Study material:
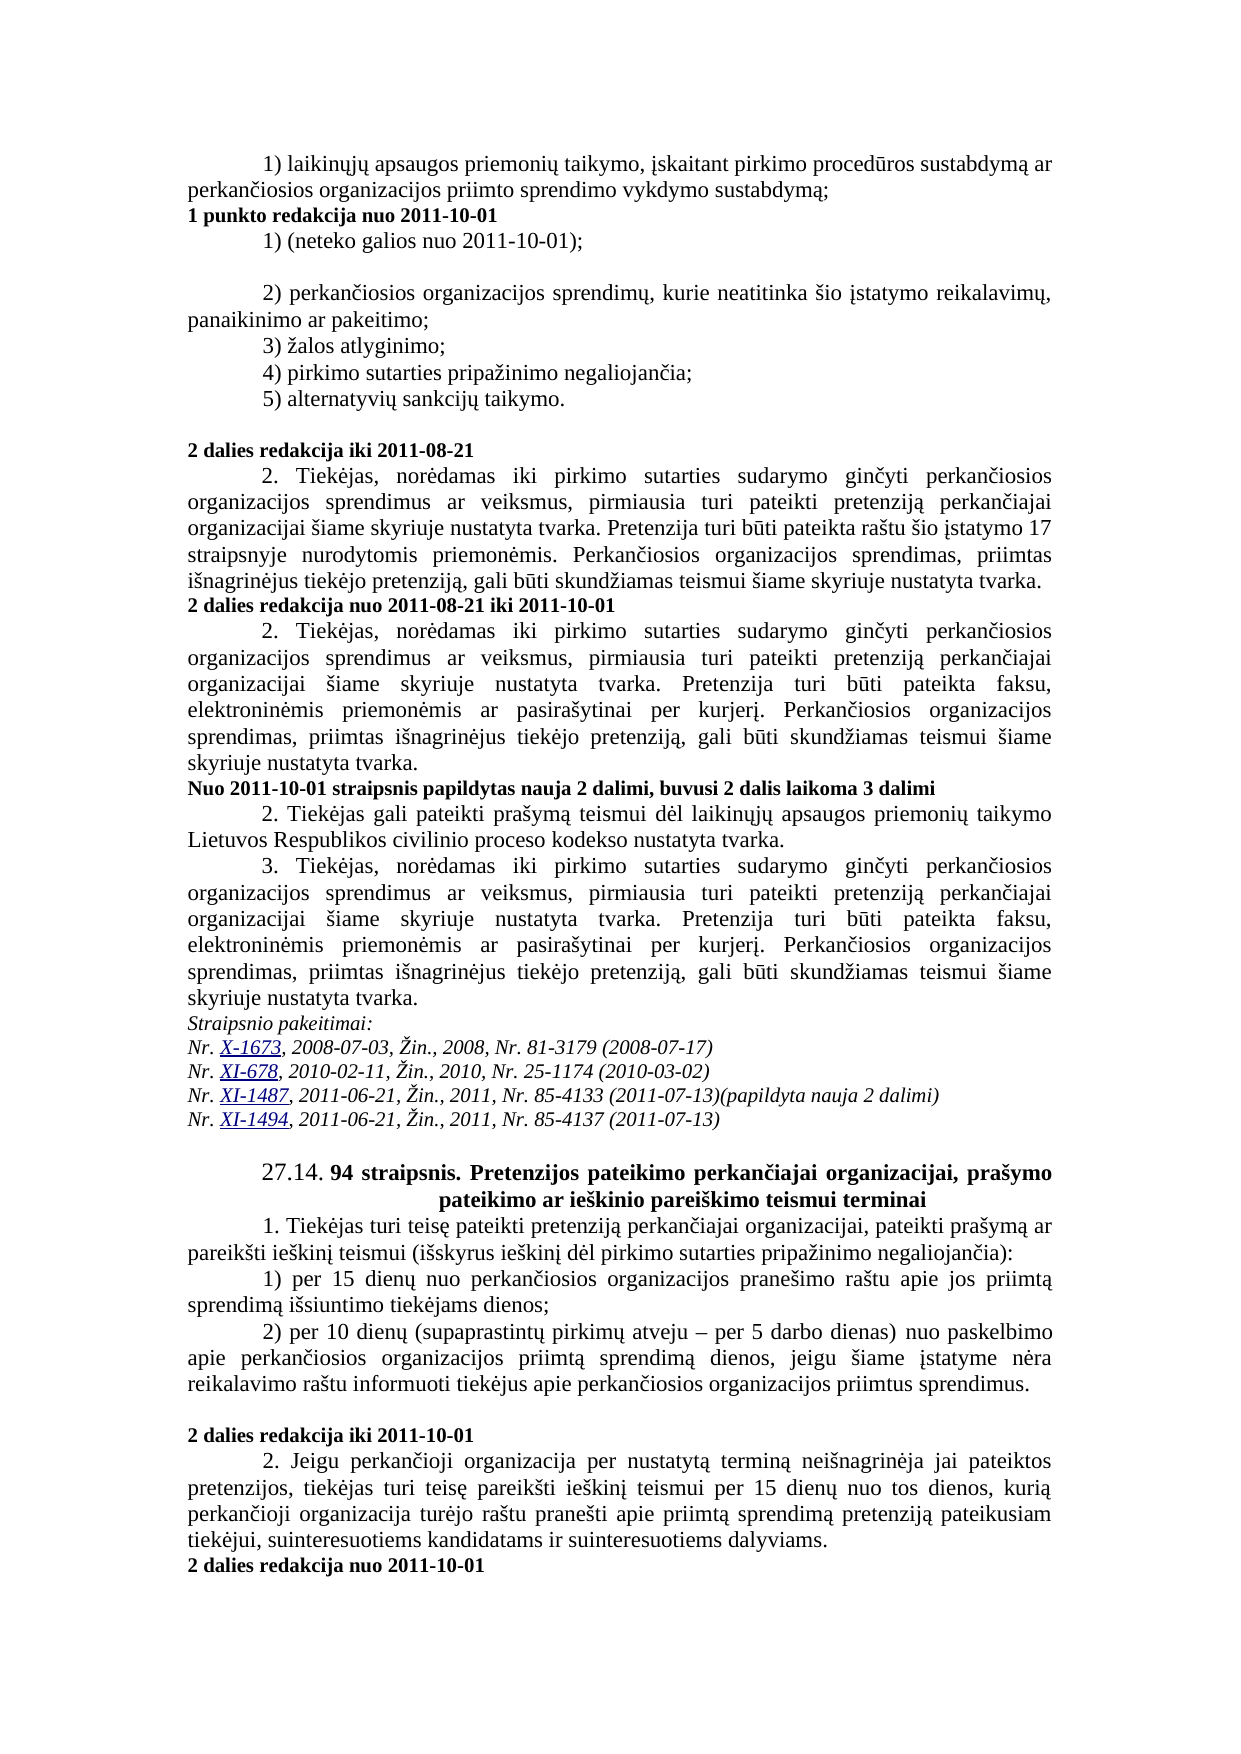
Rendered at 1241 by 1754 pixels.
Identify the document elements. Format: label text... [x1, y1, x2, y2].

text 2. Tiekėjas, norėdamas iki pirkimo sutarties sudarymo ginčyti perkančiosios organizacijos sprendimus ar veiksmus, pirmiausia turi pateikti pretenziją perkančiajai organizacijai šiame skyriuje nustatyta tvarka. Pretenzija turi būti pateikta raštu šio įstatymo 17 straipsnyje nurodytomis priemonėmis. Perkančiosios organizacijos sprendimas, priimtas išnagrinėjus tiekėjo pretenziją, gali būti skundžiamas teismui šiame skyriuje nustatyta tvarka. [187, 462, 1053, 593]
text 3) žalos atlyginimo; [187, 332, 1053, 358]
text Straipsnio pakeitimai: [187, 1011, 1053, 1034]
text Nr. X-1673, 2008-07-03, Žin., 2008, Nr. 81-3179 (2008-07-17) [187, 1034, 1053, 1059]
text 2. Jeigu perkančioji organizacija per nustatytą terminą neišnagrinėja jai pateiktos pretenzijos, tiekėjas turi teisę pareikšti ieškinį teismui per 15 dienų nuo tos dienos, kurią perkančioji organizacija turėjo raštu pranešti apie priimtą sprendimą pretenziją pateikusiam tiekėjui, suinteresuotiems kandidatams ir suinteresuotiems dalyviams. [187, 1447, 1053, 1553]
text Nr. XI-1494, 2011-06-21, Žin., 2011, Nr. 85-4137 (2011-07-13) [187, 1107, 1053, 1131]
text 5) alternatyvių sankcijų taikymo. [187, 385, 1053, 411]
text 2 dalies redakcija iki 2011-08-21 [187, 438, 1053, 462]
text 3. Tiekėjas, norėdamas iki pirkimo sutarties sudarymo ginčyti perkančiosios organizacijos sprendimus ar veiksmus, pirmiausia turi pateikti pretenziją perkančiajai organizacijai šiame skyriuje nustatyta tvarka. Pretenzija turi būti pateikta faksu, elektroninėmis priemonėmis ar pasirašytinai per kurjerį. Perkančiosios organizacijos sprendimas, priimtas išnagrinėjus tiekėjo pretenziją, gali būti skundžiamas teismui šiame skyriuje nustatyta tvarka. [187, 852, 1053, 1011]
text 2 dalies redakcija nuo 2011-08-21 iki 2011-10-01 [187, 593, 1053, 617]
list 2) per 10 dienų (supaprastintų pirkimų atveju – per 5 darbo dienas) nuo paskelbimo apie perkančiosios organizacijos priimtą sprendimą dienos, jeigu šiame įstatyme nėra reikalavimo raštu informuoti tiekėjus apie perkančiosios organizacijos priimtus sprendimus. [187, 1318, 1053, 1397]
text 2) perkančiosios organizacijos sprendimų, kurie neatitinka šio įstatymo reikalavimų, panaikinimo ar pakeitimo; [187, 279, 1053, 332]
text 1 punkto redakcija nuo 2011-10-01 [187, 203, 1053, 227]
list 1. Tiekėjas turi teisę pateikti pretenziją perkančiajai organizacijai, pateikti prašymą ar pareikšti ieškinį teismui (išskyrus ieškinį dėl pirkimo sutarties pripažinimo negaliojančia): [187, 1212, 1053, 1265]
text 1) (neteko galios nuo 2011-10-01); [187, 227, 1053, 253]
list 1) per 15 dienų nuo perkančiosios organizacijos pranešimo raštu apie jos priimtą sprendimą išsiuntimo tiekėjams dienos; [187, 1265, 1053, 1318]
text 2. Tiekėjas gali pateikti prašymą teismui dėl laikinųjų apsaugos priemonių taikymo Lietuvos Respublikos civilinio proceso kodekso nustatyta tvarka. [187, 800, 1053, 852]
subtitle 94 straipsnis. Pretenzijos pateikimo perkančiajai organizacijai, prašymo pateikimo ar ieškinio pareiškimo teismui terminai [261, 1157, 1053, 1212]
text 4) pirkimo sutarties pripažinimo negaliojančia; [187, 358, 1053, 385]
text Nuo 2011-10-01 straipsnis papildytas nauja 2 dalimi, buvusi 2 dalis laikoma 3 dalimi [187, 776, 1053, 800]
text 2. Tiekėjas, norėdamas iki pirkimo sutarties sudarymo ginčyti perkančiosios organizacijos sprendimus ar veiksmus, pirmiausia turi pateikti pretenziją perkančiajai organizacijai šiame skyriuje nustatyta tvarka. Pretenzija turi būti pateikta faksu, elektroninėmis priemonėmis ar pasirašytinai per kurjerį. Perkančiosios organizacijos sprendimas, priimtas išnagrinėjus tiekėjo pretenziją, gali būti skundžiamas teismui šiame skyriuje nustatyta tvarka. [187, 617, 1053, 776]
text 2 dalies redakcija nuo 2011-10-01 [187, 1553, 1053, 1577]
text Nr. XI-1487, 2011-06-21, Žin., 2011, Nr. 85-4133 (2011-07-13)(papildyta nauja 2 dalimi) [187, 1083, 1053, 1107]
text 2 dalies redakcija iki 2011-10-01 [187, 1423, 1053, 1447]
text 1) laikinųjų apsaugos priemonių taikymo, įskaitant pirkimo procedūros sustabdymą ar perkančiosios organizacijos priimto sprendimo vykdymo sustabdymą; [187, 150, 1053, 203]
text Nr. XI-678, 2010-02-11, Žin., 2010, Nr. 25-1174 (2010-03-02) [187, 1059, 1053, 1083]
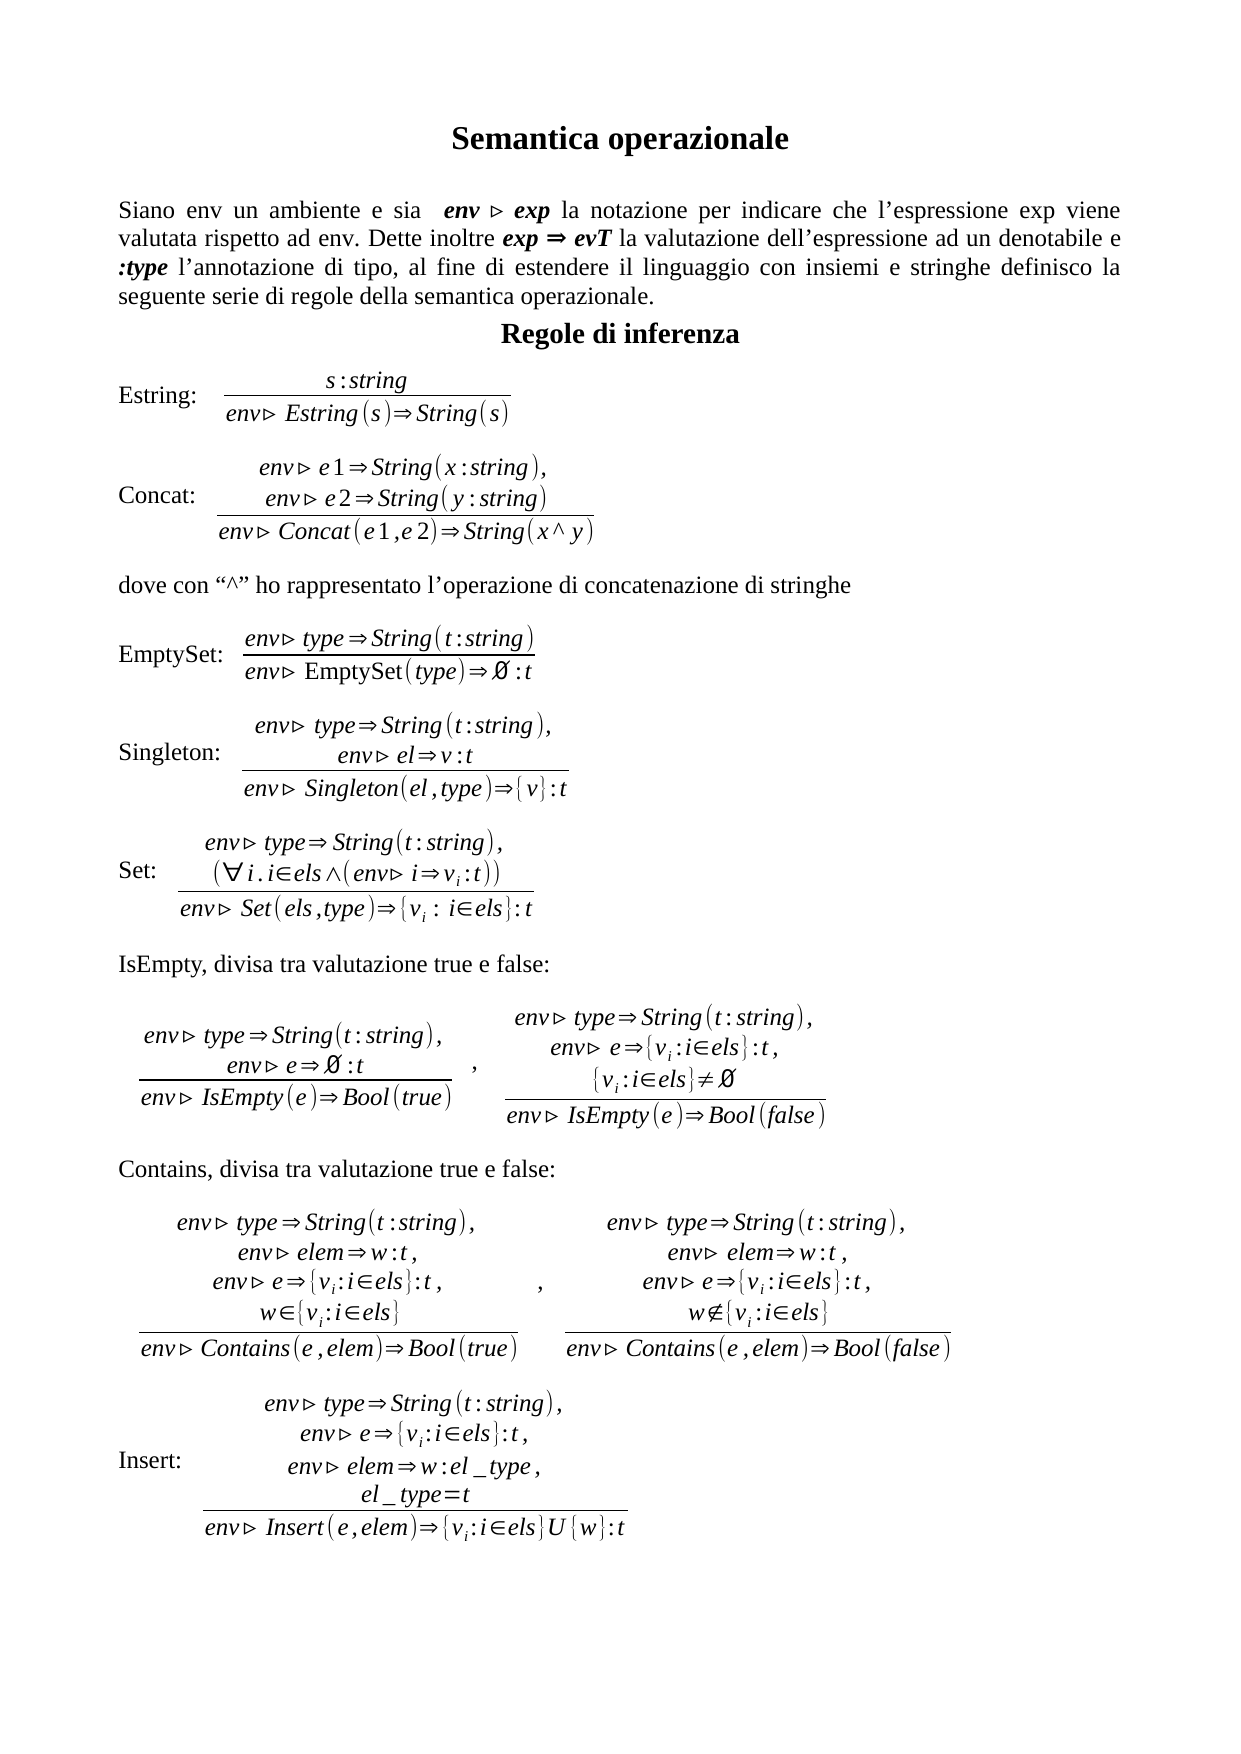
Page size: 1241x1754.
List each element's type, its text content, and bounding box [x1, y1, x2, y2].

text EmptySet: [118, 623, 1122, 687]
text Singleton: [118, 711, 1122, 803]
text Siano env un ambiente e sia env ▹ exp la notazione per indicare che l’espressione exp viene valutata rispetto ad env. Dette inoltre exp ⇒ evT la valutazione dell’espressione ad un denotabile e :type l’annotazione di tipo, al fine di estendere il linguaggio con insiemi e stringhe definisco la seguente serie di regole della semantica operazionale. [118, 195, 1122, 310]
text dove con “^” ho rappresentato l’operazione di concatenazione di stringhe [118, 571, 1122, 599]
text Contains, divisa tra valutazione true e false: [118, 1154, 1122, 1183]
text Estring: [118, 367, 1122, 428]
text , [118, 1207, 1122, 1364]
text , [118, 1002, 1122, 1131]
text IsEmpty, divisa tra valutazione true e false: [118, 949, 1122, 978]
text Insert: [118, 1388, 1122, 1544]
text Set: [118, 827, 1122, 926]
text Regole di inferenza [118, 316, 1122, 349]
text Concat: [118, 452, 1122, 547]
text Semantica operazionale [118, 118, 1122, 156]

Task statement:
Everything in the material above from the line that has "text Straipsnio pakeitimai: [187, 1011, 1053, 1034]" through the line that has "text Nr. X-1673, 2008-07-03, Žin., 2008, Nr." must be duplicated exactly, with no other lines given.

Answer below:
text Straipsnio pakeitimai: [187, 1011, 1053, 1034]
text Nr. X-1673, 2008-07-03, Žin., 2008, Nr. 81-3179 (2008-07-17) [187, 1034, 1053, 1059]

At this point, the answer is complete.